The concept of the Harwood LS 3/5a

So far, the whole LS 3/5 story has been a purely British affair. Until last year. Then the smart Raimund Saerbeck, head of HiFisound Münster, threw his hat into the ring. Saerbeck is one of the oldest names in German loudspeaker self-assembly and was already selling the legendary Harwood bass-midrange drivers in the 1980s. In 1992, he founded the Harwood Acoustics Company in Germany, without the Harwood family objecting. He made Harwood the main brand of his kit store and sold many models under this label (in addition to the original Harwood drivers LF5 and LF8), which he had developed by his Asian supplier – for example several Air Motion Transformer tweeters.

The emerging hype surrounding the LS 3/5a inspired the man from Münster to come up with an audacious idea: wasn’t Dudley Harwood the leader of the team that developed the LS 3/5 or the LS 3/5a?
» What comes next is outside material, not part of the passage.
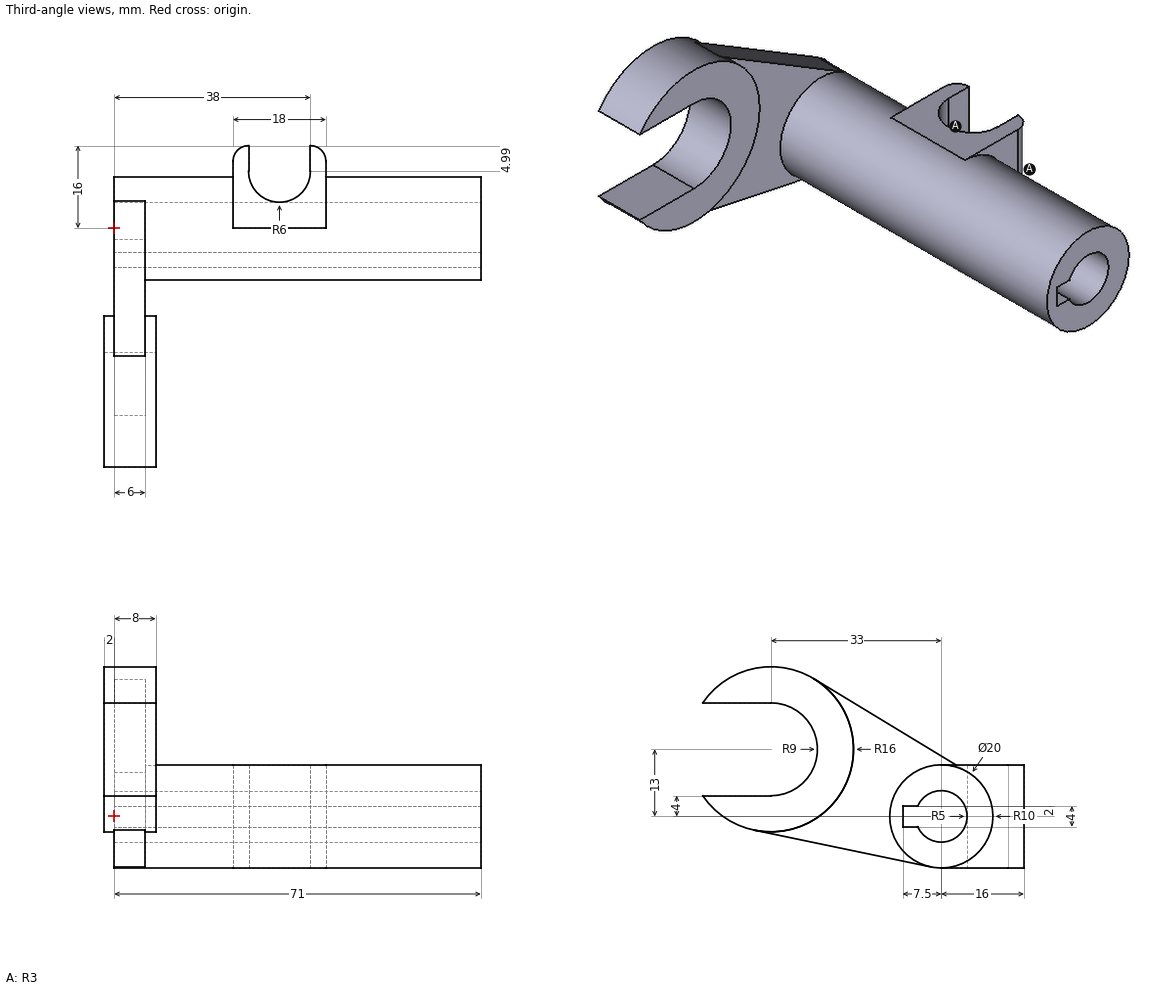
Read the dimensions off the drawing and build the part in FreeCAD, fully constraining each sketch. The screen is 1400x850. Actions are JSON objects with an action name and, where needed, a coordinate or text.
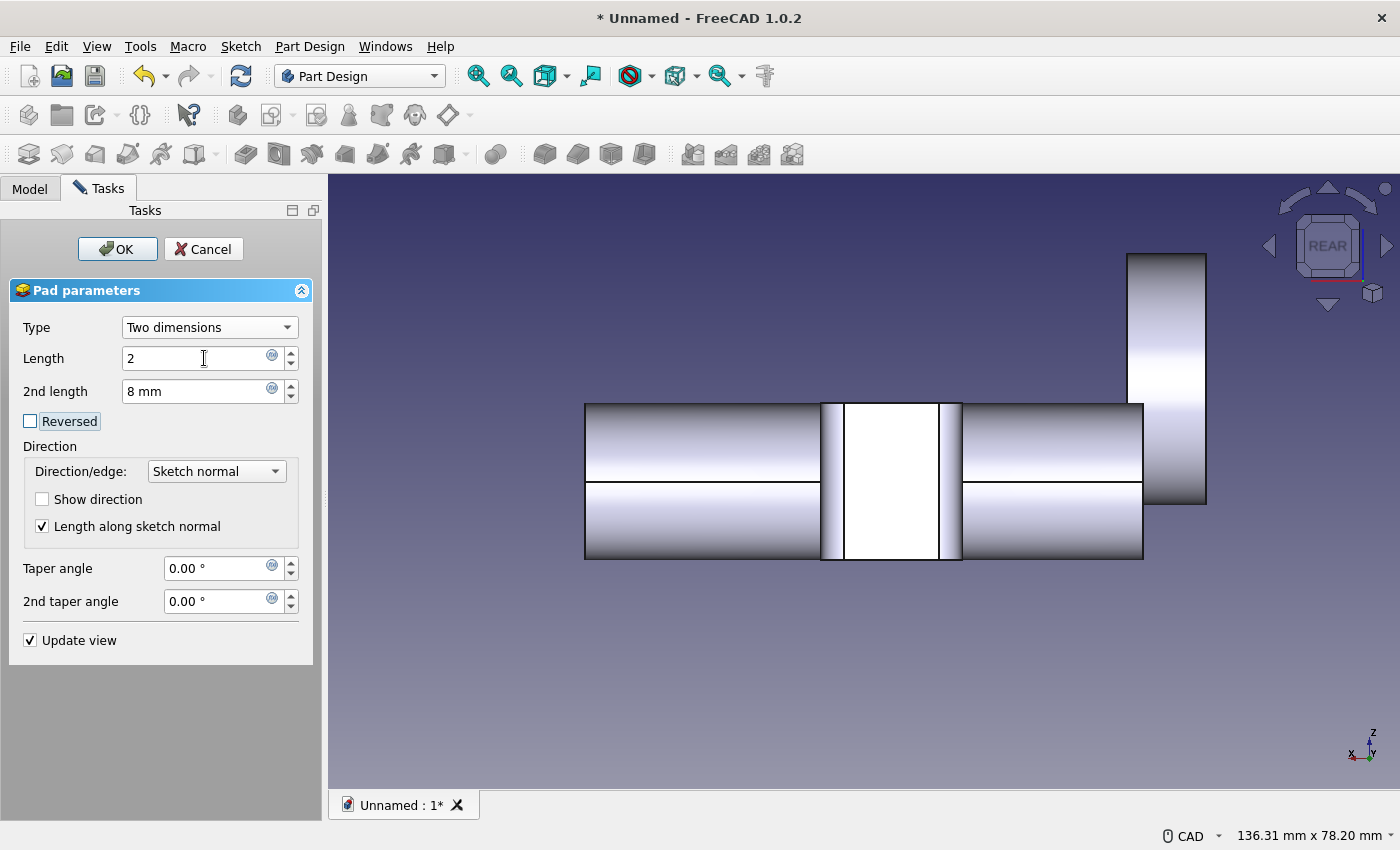
{"action": "left_click", "coordinate": [31, 421]}

And shouldn’t there therefore also be a version under the Harwood label? Exactly!

Saerbeck studied the research results of the BBC team (Saerbeck: “This is the perfect construction manual”) and had the original drivers of the LS 3/5a, the KEF B110 and the KEF T27 tweeter, reproduced 1:1 by his loudspeaker specialists. He had previously sold hundreds of these KEF drivers and measured them dozens of times, so he knew what he wanted and exactly what the tweeters and mid-bass drivers needed to be.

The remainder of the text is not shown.